◆ **What the task requires**:
Where a line of the data below has the string "whole", copy that line.

Source records:
┌──
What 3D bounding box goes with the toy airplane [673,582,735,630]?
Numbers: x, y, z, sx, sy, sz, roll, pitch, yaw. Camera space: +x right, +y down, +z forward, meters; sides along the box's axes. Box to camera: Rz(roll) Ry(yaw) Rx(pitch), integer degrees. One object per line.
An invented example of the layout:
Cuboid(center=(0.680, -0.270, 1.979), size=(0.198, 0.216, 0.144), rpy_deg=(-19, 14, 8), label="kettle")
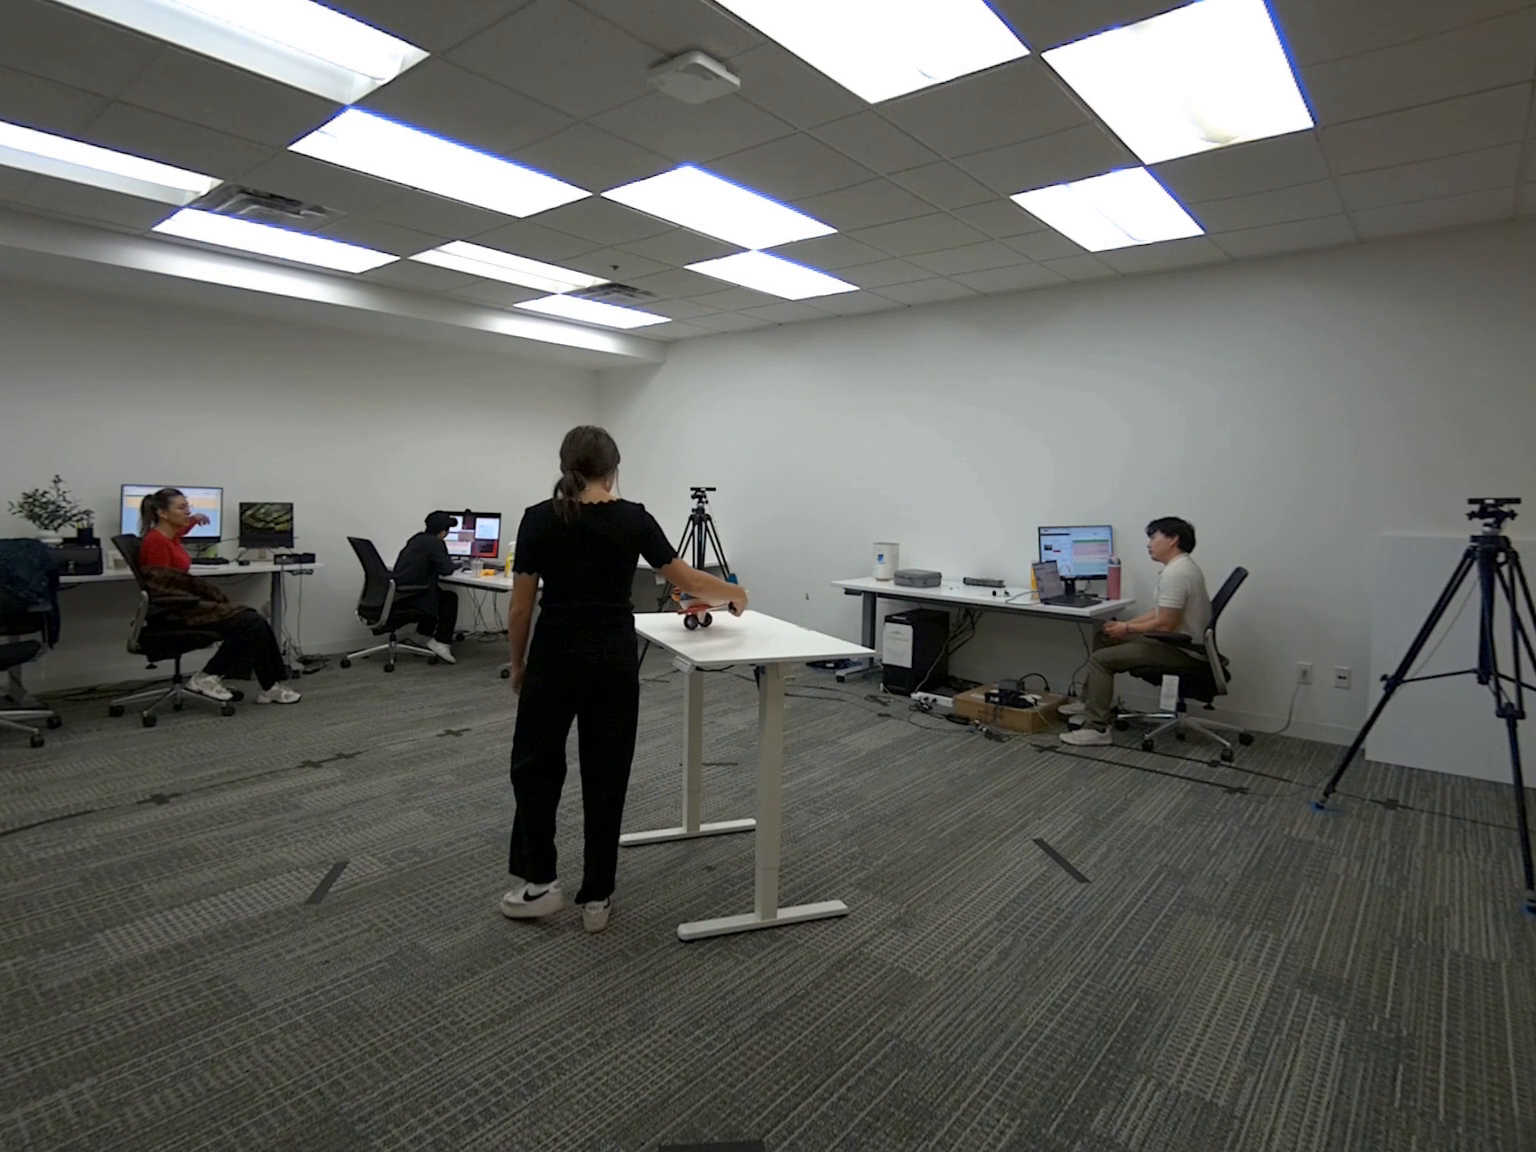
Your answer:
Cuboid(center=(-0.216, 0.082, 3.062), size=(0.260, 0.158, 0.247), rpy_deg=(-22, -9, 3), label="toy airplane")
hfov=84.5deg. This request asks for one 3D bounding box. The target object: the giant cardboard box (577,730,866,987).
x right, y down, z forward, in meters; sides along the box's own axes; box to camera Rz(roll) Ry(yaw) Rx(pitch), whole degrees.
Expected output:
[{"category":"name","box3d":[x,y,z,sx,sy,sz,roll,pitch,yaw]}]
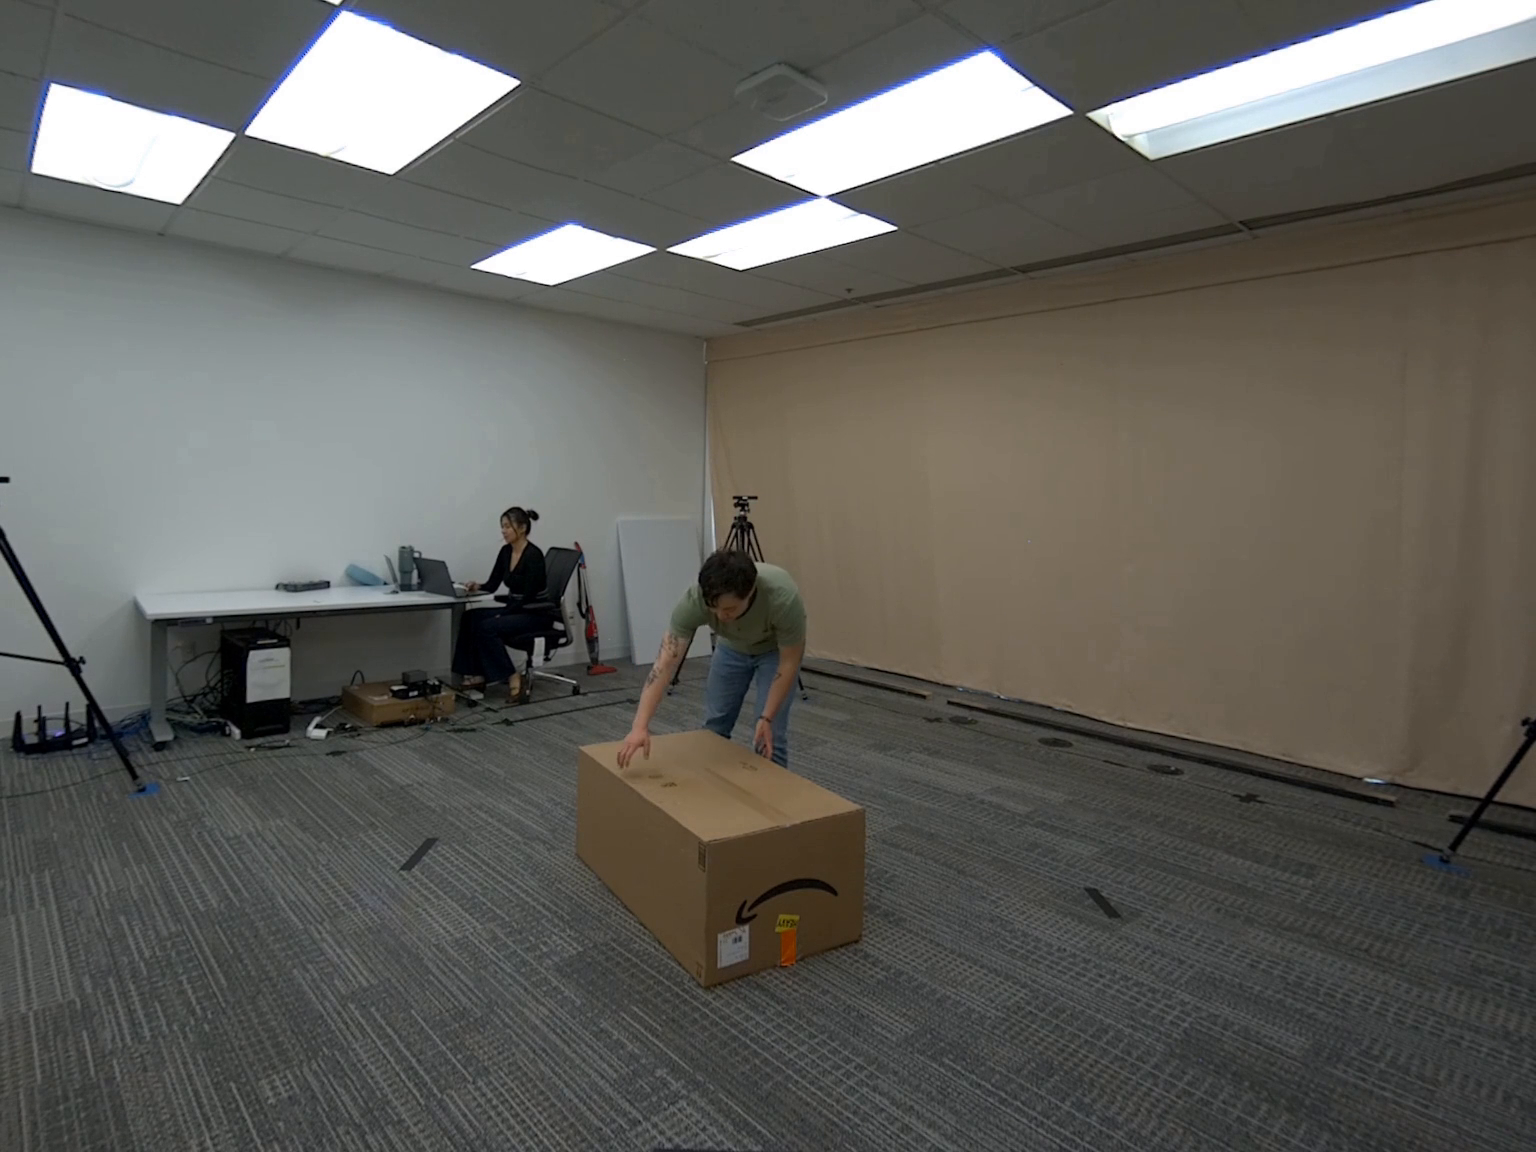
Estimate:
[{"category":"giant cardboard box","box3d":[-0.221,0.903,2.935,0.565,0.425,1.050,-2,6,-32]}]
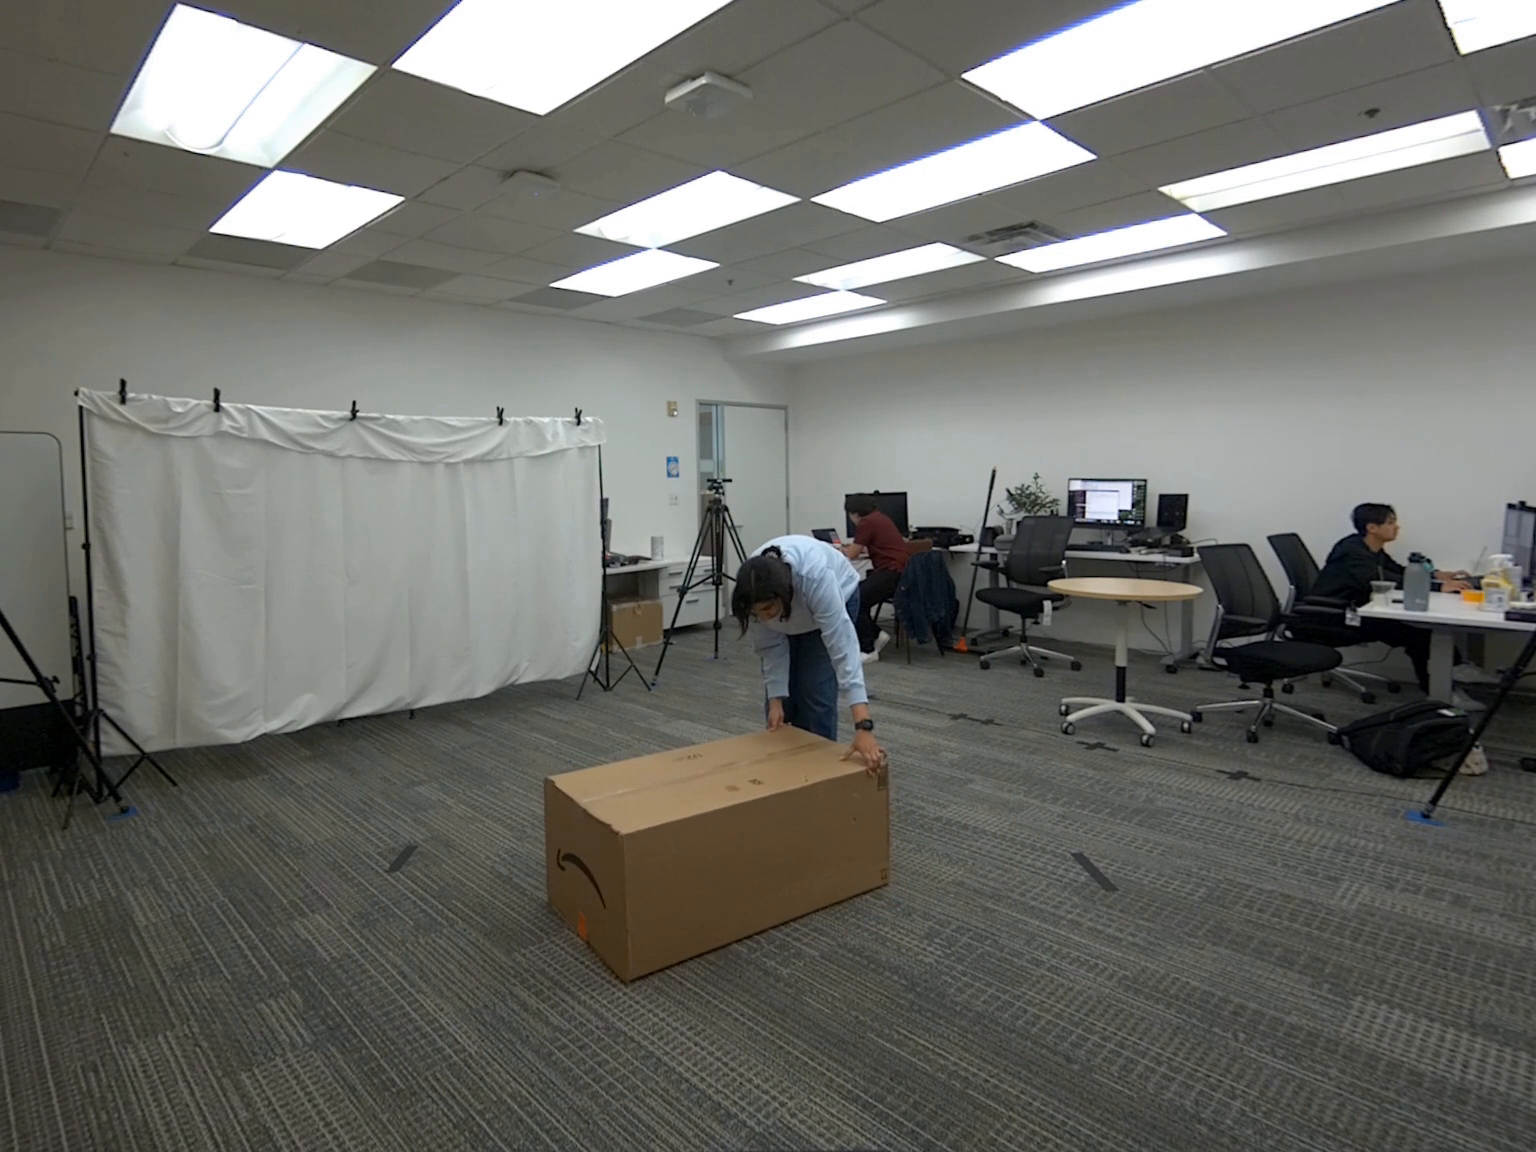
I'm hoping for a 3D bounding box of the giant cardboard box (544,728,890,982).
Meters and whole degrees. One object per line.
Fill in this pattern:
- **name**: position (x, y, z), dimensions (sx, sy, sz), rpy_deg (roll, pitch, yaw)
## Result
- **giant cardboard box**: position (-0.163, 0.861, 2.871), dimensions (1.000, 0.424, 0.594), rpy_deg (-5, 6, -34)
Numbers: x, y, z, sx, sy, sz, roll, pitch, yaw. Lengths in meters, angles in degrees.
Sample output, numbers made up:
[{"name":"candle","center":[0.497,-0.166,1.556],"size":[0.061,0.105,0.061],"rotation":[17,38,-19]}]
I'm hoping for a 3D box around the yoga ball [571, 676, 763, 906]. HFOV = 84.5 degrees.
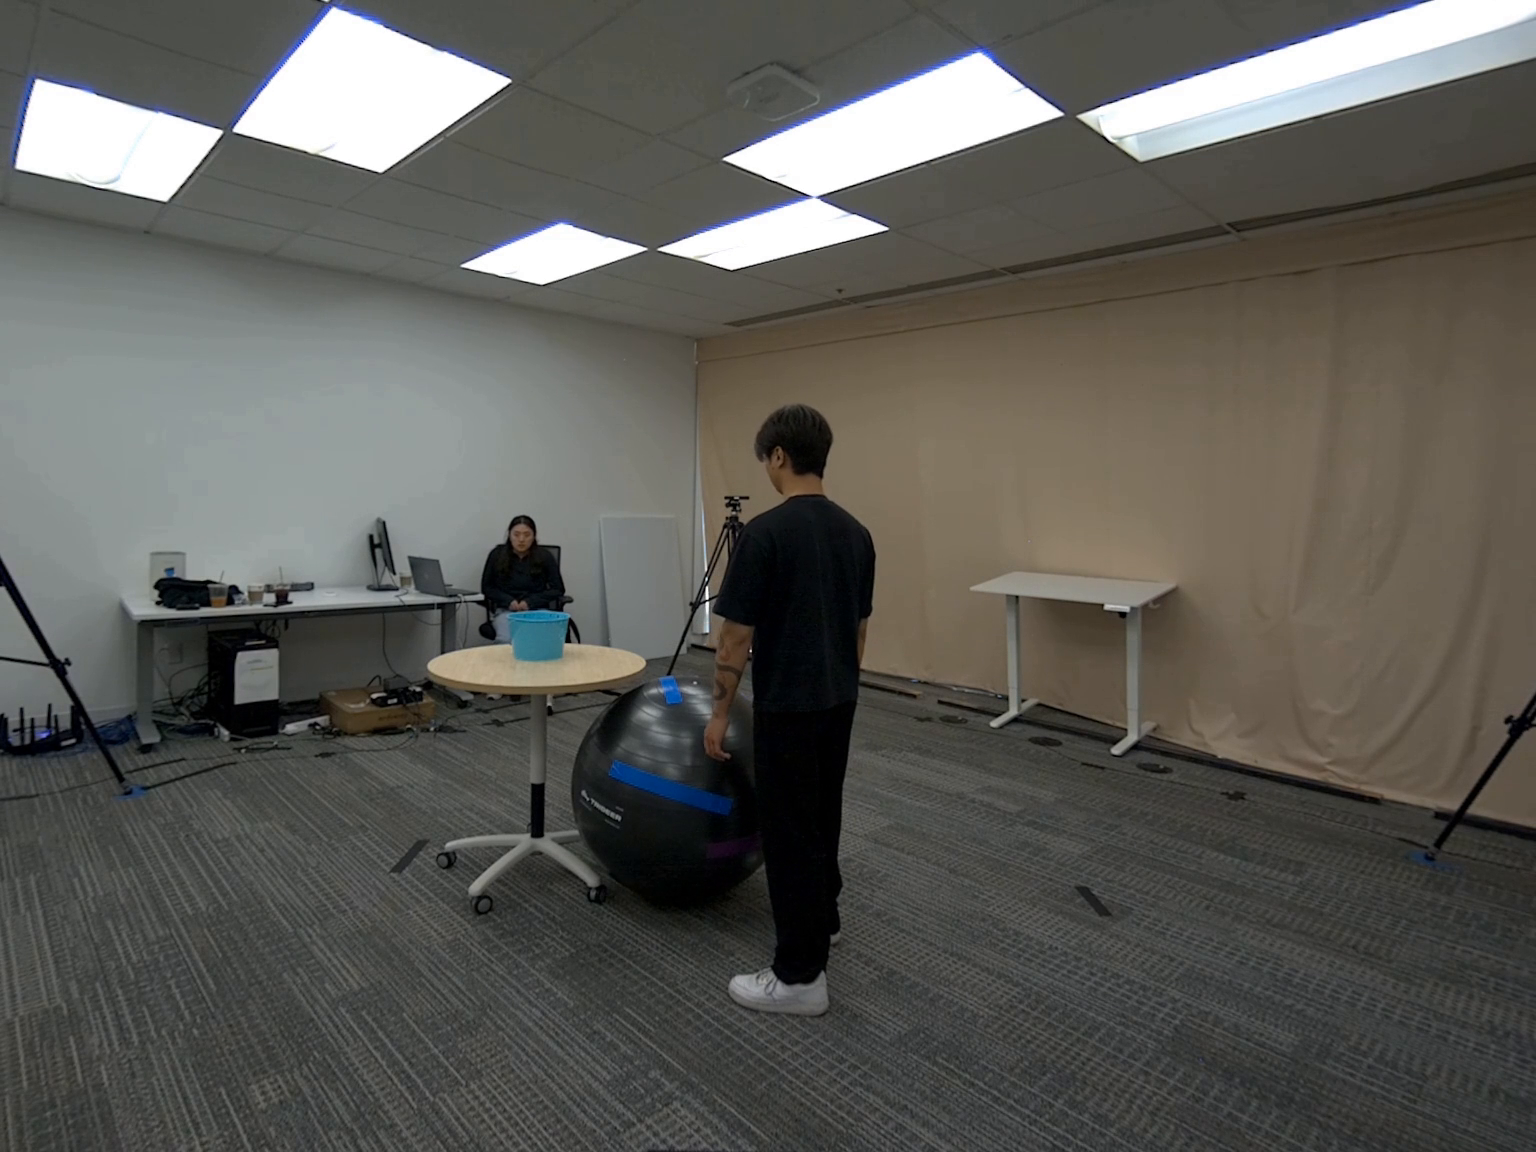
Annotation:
└──
◆ **Finished task**:
x right, y down, z forward, in meters; sides along the box's own axes; box to camera Rz(roll) Ry(yaw) Rx(pitch), whole degrees.
Meters and whole degrees. One object per line.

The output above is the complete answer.